On the other hand, the Omega ratio takes into account all the moments of the distribution (mean return, volatility, skewness, kurtosis and higher moments). As a consequence, it is valid for nonnormal returns and suitable for the asymmetric nature of hedge fund returns for instance.
When and how did the Omega ratio start to gain in popularity?
The Omega ratio was introduced by Keating and Shadwick in 2002 (“A universal Performance Measure” - The Finance Development Centrer,
London ). Since then, it has become increasingly popular, partly because it is very intuitive and easy to compute. The Omega ratio derives it power from its universality: it takes into account all the moments of the distribution, hence it is valid to deal with nonnormal returns. As opposed to the Sharpe ratio, it is suitable for the asymmetric nature of hedge fund returns.

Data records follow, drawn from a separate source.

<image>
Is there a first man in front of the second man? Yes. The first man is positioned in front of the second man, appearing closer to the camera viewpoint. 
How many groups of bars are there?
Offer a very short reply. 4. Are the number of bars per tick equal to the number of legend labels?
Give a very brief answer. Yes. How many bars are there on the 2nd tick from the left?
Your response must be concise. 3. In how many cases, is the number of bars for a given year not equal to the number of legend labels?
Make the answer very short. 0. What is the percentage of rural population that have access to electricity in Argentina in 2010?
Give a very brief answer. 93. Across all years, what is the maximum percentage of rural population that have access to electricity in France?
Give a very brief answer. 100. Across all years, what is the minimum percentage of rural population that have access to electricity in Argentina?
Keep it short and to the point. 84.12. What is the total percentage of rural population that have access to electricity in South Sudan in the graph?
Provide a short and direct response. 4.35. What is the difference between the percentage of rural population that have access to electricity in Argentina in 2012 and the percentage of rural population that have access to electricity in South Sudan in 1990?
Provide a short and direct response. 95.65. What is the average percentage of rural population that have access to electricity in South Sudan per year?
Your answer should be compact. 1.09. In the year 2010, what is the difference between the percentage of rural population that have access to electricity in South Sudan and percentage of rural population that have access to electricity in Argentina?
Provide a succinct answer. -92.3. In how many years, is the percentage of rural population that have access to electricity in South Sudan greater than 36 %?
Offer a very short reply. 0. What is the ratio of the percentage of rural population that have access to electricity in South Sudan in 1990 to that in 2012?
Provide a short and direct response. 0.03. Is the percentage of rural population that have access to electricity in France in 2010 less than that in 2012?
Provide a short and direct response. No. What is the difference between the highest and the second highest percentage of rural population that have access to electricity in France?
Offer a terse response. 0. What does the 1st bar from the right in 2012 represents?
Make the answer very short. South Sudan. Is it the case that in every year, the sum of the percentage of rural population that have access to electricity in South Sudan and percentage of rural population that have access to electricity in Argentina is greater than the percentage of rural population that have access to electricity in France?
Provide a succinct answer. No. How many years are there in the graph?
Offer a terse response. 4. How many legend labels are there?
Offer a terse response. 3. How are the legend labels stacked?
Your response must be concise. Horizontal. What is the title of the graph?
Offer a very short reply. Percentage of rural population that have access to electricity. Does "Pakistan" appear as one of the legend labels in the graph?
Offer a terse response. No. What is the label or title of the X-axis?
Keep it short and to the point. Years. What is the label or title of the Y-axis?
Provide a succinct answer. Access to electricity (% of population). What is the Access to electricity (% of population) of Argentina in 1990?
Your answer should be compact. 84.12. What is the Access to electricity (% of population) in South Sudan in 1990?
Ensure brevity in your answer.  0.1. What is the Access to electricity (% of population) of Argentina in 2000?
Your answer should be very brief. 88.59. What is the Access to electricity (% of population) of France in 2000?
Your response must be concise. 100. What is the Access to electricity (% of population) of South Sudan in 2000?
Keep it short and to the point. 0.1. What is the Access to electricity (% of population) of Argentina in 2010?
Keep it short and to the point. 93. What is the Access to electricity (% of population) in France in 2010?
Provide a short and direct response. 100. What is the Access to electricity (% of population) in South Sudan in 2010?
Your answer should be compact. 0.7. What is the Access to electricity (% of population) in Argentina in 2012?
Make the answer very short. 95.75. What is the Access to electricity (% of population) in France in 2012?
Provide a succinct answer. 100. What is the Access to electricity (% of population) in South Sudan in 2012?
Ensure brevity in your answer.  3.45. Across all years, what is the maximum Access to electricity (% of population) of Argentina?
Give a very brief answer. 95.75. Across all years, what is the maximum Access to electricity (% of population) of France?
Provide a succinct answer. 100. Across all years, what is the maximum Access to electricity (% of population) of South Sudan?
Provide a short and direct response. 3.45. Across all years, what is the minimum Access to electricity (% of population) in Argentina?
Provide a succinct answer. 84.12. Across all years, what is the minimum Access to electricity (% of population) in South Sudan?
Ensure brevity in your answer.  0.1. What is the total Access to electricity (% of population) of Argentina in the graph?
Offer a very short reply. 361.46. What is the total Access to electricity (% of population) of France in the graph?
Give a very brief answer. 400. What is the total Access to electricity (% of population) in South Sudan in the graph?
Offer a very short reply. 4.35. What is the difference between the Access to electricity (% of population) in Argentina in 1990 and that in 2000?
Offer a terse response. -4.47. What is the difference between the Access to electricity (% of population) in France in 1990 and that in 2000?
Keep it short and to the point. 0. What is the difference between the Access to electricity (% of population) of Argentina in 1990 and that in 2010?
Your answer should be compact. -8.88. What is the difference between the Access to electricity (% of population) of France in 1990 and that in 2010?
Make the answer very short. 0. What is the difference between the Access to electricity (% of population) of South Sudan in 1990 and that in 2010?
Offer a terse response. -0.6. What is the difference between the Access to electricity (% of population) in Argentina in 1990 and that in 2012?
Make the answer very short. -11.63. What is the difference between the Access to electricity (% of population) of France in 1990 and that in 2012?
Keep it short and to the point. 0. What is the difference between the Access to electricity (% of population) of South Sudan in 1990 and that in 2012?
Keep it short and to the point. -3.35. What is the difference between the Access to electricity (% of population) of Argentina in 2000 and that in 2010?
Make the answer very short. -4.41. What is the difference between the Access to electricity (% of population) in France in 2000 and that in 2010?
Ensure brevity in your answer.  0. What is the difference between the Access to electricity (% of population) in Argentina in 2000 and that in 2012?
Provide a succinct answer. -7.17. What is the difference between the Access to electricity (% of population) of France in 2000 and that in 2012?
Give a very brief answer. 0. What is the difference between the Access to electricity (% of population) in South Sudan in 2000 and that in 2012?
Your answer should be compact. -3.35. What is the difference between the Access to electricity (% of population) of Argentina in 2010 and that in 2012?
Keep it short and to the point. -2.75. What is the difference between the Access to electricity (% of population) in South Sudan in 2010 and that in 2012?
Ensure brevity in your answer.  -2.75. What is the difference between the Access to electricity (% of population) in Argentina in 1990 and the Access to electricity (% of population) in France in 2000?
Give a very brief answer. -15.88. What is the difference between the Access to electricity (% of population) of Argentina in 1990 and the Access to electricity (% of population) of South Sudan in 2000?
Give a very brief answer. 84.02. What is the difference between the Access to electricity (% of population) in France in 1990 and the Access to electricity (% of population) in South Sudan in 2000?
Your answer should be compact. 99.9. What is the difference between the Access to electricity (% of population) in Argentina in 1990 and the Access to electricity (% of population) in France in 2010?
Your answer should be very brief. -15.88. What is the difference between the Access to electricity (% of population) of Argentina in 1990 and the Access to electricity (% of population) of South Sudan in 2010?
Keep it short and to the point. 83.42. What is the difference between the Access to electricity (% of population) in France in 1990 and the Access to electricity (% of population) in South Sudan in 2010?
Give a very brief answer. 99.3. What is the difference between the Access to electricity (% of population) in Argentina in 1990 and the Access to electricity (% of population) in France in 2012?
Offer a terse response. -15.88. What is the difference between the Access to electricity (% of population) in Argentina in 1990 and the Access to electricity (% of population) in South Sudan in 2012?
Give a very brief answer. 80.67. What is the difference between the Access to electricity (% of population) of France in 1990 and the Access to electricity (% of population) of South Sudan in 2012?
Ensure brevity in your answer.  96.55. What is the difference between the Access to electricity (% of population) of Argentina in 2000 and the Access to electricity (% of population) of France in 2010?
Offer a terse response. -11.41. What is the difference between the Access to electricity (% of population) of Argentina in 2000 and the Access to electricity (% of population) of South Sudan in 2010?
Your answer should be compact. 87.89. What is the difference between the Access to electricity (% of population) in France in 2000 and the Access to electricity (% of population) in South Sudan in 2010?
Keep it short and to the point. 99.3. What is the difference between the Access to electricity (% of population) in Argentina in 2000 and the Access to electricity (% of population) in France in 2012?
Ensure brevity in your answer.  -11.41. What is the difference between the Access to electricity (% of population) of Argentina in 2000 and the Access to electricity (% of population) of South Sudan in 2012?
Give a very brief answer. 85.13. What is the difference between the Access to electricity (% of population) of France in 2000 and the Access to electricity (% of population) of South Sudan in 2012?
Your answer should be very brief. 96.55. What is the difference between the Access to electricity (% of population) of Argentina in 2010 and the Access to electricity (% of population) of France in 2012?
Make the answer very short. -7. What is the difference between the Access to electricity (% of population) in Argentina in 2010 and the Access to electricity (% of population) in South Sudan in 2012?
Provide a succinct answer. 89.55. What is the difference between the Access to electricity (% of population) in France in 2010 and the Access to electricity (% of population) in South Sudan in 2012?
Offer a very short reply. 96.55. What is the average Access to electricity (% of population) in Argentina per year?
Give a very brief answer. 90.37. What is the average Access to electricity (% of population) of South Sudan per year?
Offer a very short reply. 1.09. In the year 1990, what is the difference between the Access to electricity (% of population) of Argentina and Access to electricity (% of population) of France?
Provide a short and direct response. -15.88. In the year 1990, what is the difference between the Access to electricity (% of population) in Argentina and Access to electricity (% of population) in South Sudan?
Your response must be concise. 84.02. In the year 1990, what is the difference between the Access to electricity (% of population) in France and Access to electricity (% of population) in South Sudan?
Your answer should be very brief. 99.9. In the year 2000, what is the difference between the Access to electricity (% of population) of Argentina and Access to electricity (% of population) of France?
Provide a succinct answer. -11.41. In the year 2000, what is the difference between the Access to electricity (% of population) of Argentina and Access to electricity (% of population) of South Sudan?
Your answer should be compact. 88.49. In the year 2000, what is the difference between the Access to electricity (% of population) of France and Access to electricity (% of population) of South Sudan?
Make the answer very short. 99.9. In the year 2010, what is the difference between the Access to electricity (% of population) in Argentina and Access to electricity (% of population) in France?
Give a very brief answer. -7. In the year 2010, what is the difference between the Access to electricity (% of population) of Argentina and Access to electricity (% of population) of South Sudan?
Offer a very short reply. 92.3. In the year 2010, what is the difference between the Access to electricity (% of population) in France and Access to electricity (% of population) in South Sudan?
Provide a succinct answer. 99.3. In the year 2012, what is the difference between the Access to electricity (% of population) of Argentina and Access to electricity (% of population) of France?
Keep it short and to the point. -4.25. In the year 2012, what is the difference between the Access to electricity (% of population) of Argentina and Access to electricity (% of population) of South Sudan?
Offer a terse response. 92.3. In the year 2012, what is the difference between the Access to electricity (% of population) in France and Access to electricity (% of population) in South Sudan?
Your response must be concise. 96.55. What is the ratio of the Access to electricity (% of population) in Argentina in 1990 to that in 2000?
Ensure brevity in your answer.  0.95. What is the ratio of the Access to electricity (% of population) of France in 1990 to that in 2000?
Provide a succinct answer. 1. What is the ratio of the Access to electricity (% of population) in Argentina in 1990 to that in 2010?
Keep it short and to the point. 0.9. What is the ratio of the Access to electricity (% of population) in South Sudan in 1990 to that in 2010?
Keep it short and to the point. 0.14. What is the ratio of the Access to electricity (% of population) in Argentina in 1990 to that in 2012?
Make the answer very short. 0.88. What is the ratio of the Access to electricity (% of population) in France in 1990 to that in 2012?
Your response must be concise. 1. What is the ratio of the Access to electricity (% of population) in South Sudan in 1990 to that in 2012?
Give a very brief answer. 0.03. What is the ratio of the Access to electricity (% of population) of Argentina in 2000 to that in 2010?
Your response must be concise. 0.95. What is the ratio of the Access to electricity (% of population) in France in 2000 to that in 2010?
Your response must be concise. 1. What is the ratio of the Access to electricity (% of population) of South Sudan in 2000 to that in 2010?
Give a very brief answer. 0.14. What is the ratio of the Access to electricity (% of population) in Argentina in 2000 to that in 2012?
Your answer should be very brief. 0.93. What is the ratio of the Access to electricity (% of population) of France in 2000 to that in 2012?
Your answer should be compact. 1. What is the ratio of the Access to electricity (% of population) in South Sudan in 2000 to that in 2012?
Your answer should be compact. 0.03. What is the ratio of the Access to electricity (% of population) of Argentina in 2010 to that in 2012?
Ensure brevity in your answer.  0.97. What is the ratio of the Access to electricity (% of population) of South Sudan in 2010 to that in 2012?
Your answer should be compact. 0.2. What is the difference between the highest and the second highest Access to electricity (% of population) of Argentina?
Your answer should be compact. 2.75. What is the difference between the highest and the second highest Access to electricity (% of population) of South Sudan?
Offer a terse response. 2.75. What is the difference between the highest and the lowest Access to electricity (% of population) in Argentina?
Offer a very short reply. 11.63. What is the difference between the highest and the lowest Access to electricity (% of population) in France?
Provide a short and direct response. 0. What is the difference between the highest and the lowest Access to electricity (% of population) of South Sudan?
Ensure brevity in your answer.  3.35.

Since 2007, the failures of standard approaches based on static second order moments contributed to the growing interest for advanced measures such as the Omega ratio. Indeed, using Omega as a risk measure to construct a fund of hedge fund reduces the extreme negative risk of the portfolio: it selects the assets with the lowest density below the threshold return without altering the upside part of the distribution.
How has the application of the Sharpe ratio been misapplied in Funds of Hedge Fund management and how does the Omega ratio overcomes that?
Mean-variance optimization (introduced by the Nobel prize H. Markowitz) is equivalent to finding the portfolio with optimal Sharpe ratio for a given target return. This optimization approach is suitable for (close to) normally distributed returns. But the Sharpe ratio explains only part of the risk for asymmetric returns and can even be misleading, as it assumes that all the risk is explained by the 2 first moments of the distribution.
As a consequence, monitoring and optimizing the Sharpe ratio in a static framework is not sufficient to determine the shape of the whole distribution of returns (fat tails, asymmetry or peakedness for instance), especially when dealing with hedge funds.
As explained before, the Omega ratio takes into account all the moments of the distribution of returns. It might be tempting to formulate an optimization problem consisting in maximizing the Omega ratio given some business constraints, but this approach has a major drawback: the Omega ratio is not convex and leads to unstable and dangerous solutions. The best choice in practise is not always to implement the exact formulation of the optimization problem to be solved. To overcome this issue, it is possible to solve a robustified convex formulation of the Omega ratio optimization problem.